From: Anonymous <nobody@replay.com>
Date: Tue, 22 Sep 1998 19:58:34 +0800
To: cypherpunks@cyberpass.net
Subject: Re: CHALLENGE response
Message-ID: <199809230100.DAA27355@replay.com>
MIME-Version: 1.0
Content-Type: text/plain



> What form are your primes (did you use Maurers idea to increase the
> relative hardness of factoring compared to discrete log, or did you
> just use more smaller primes?)  How many primes have you used, and how
> many CPU hours did it take to calculate the discrete log to discover e?

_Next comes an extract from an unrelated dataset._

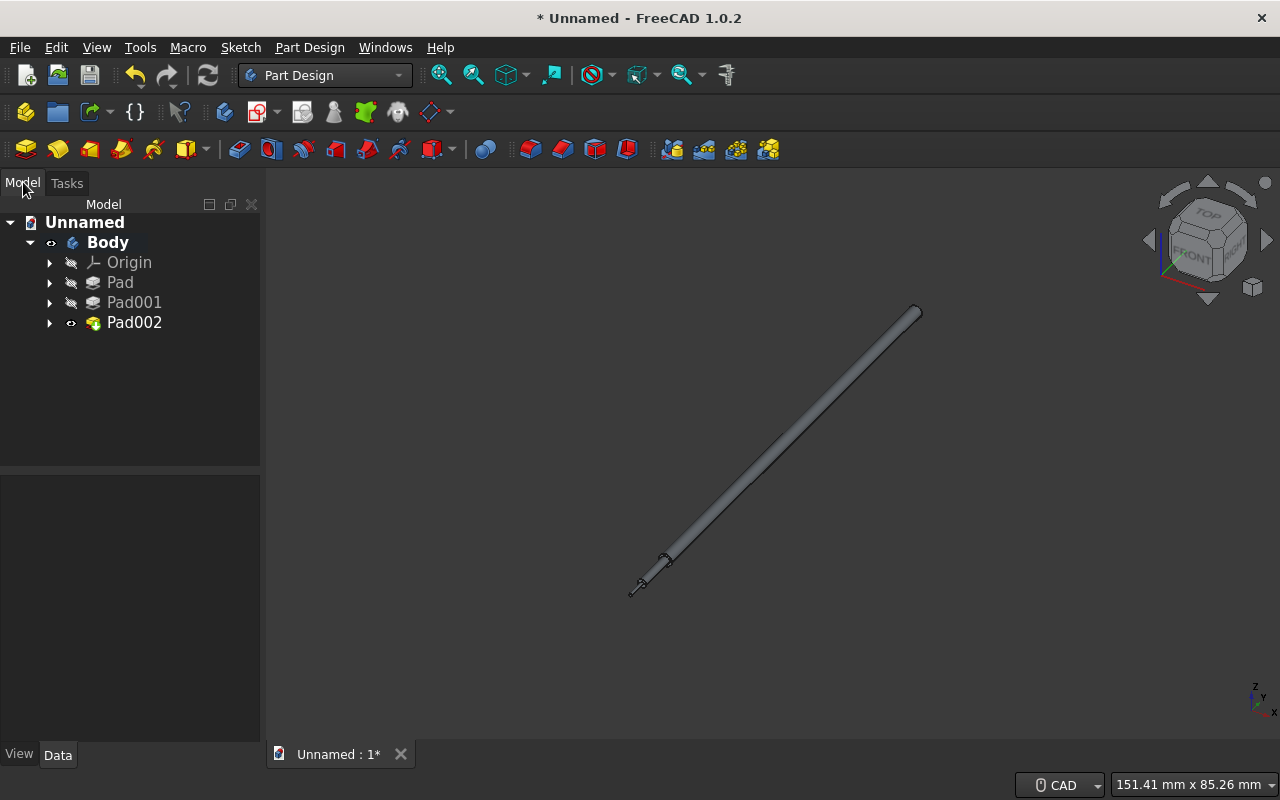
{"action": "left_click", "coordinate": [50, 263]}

N is the product of two primes, but each p-1 has about 16 small prime factors
(about 25-35 bits) to allow calculating the discrete log efficiently.  With
this choice of primes it took about three hours to run the discrete log.

> Also is the code for finding discrete logs given the prime
> factorisation of the modulus available?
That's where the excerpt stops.